Mr. Speaker, the hon. member for North Vancouver moved a non-votable motion urging the government to hold a referendum on capital punishment concurrently with the next federal election. Reform members have outdone themselves once again. Since they realize they may be swept off the electoral map in the next election, they are trying to exercise their mandate as legislators beyond the term for which they were elected to this House.
If Reform members think we will not take this seriously, they are wrong. Their publicity-hungry leader took advantage of the summer recess to try to revive the debate on capital punishment. Once the debate on gun control had subsided, he had to find something else to keep him in front of the tv cameras. Burned by the debate on gun control where they finally showed their true colours, Reform members have completely lost their sense of reality, trapped in neanderthal attitudes where repression is the rule and rehabilitation and presumption of innocence are vague concepts thought up by criminologists.
The legitimacy of the penal system is largely based on its effectiveness and fairness.

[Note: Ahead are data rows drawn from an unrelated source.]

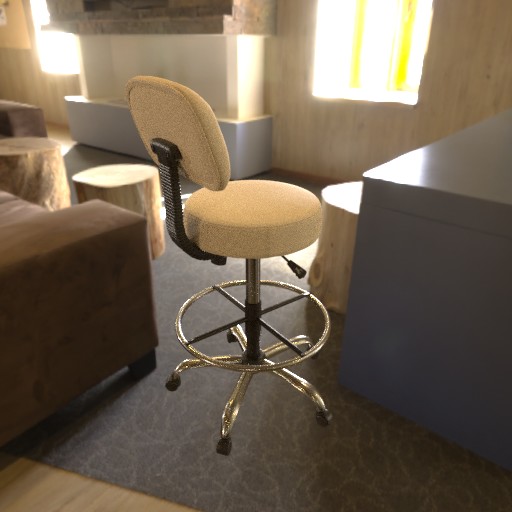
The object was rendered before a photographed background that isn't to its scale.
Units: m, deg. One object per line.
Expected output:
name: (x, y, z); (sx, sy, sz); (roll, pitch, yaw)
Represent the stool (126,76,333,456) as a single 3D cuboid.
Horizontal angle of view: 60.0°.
stool: (0.000, 0.000, 1.404); (0.616, 1.080, 0.609); (-18, 32, -32)
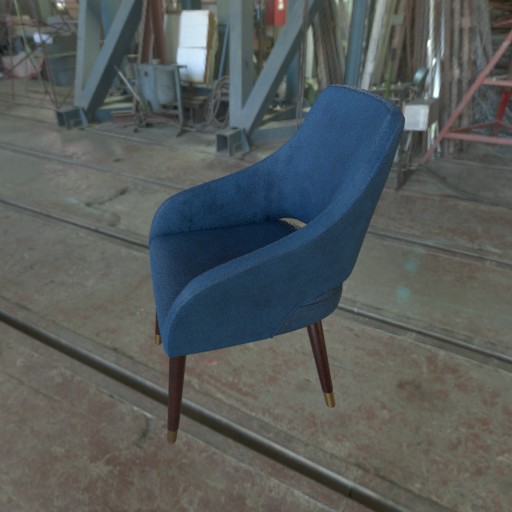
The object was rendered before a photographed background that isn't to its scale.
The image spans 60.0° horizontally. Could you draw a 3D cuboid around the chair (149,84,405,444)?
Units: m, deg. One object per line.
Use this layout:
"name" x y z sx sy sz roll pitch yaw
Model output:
"chair" 0.000 0.000 1.587 0.794 1.081 0.683 -8 32 -13
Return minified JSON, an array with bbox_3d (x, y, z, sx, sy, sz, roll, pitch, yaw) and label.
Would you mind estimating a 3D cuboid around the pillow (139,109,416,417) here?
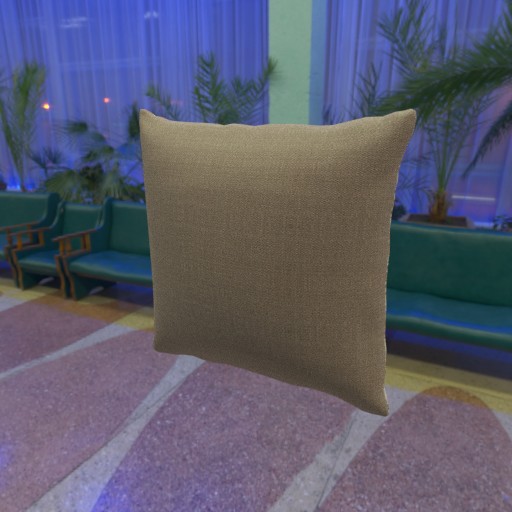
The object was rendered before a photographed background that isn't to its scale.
[{"bbox_3d":[0.000,0.000,0.815,0.521,0.519,0.215,9,19,27],"label":"pillow"}]
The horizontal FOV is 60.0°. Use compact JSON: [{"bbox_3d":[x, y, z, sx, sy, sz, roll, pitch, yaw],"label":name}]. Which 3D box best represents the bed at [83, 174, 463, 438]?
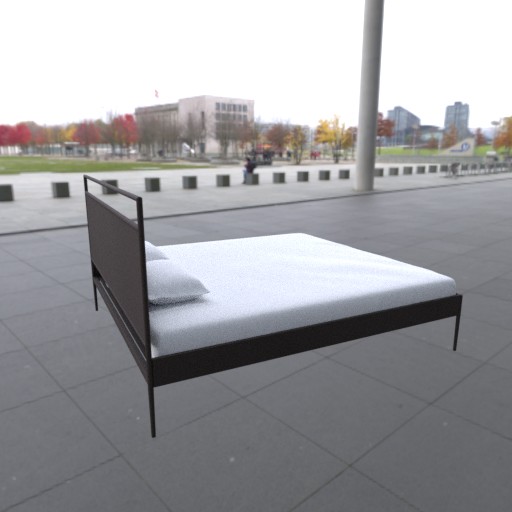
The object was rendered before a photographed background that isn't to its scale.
[{"bbox_3d":[0.000,0.000,3.359,2.151,1.173,1.993,-7,15,-26],"label":"bed"}]
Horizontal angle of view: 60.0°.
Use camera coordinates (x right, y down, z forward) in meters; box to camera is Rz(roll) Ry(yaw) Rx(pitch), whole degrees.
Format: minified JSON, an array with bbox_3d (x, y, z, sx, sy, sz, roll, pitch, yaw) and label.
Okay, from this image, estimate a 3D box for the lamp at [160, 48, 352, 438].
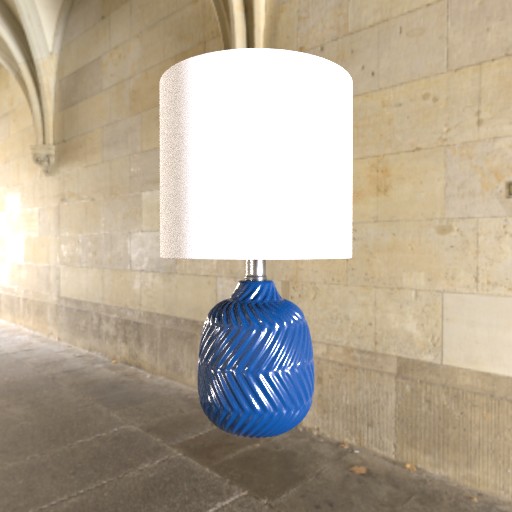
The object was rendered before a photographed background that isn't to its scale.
[{"bbox_3d":[0.000,0.000,0.481,0.203,0.368,0.203,0,1,0],"label":"lamp"}]
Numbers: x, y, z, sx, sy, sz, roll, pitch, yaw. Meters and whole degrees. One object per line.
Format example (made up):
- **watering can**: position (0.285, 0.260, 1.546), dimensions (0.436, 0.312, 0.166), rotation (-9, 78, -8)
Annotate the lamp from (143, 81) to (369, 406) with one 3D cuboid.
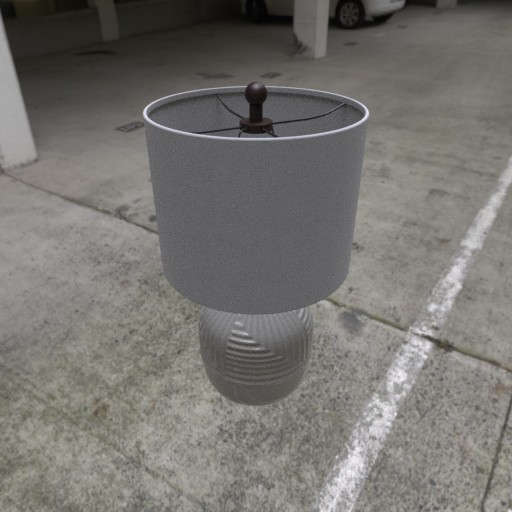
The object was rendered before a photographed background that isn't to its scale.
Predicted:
- **lamp**: position (0.000, 0.000, 0.765), dimensions (0.318, 0.567, 0.318), rotation (0, 31, 0)
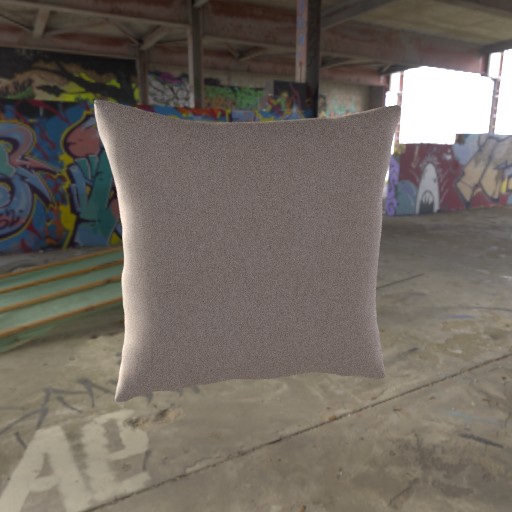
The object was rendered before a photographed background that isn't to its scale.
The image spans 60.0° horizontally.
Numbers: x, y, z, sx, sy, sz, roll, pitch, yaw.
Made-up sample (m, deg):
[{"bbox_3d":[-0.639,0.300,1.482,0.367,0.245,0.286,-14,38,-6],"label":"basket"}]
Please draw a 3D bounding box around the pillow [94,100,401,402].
[{"bbox_3d":[0.000,0.000,0.660,0.433,0.436,0.173,-2,14,-9],"label":"pillow"}]

Its underlying principle is the presumption of innocence, a fundamental principle of law which says that the accused is presumed innocent until found guilty following a trial.
Wrongful convictions undermine this fundamental principle. As the Parliamentary Secretary to the Minister of Justice said earlier, David Milgaard, Donald Marshall and Guy Paul Morin are three names we too often forget. Nevertheless, these individuals each paid an enormous debt to society, a debt they did not owe.
In Manitoba, David Milgaard spent 23 years of his life behind bars before his release. He was unjustly convicted of murder. The Crown's principal witness perjured himself at the trial.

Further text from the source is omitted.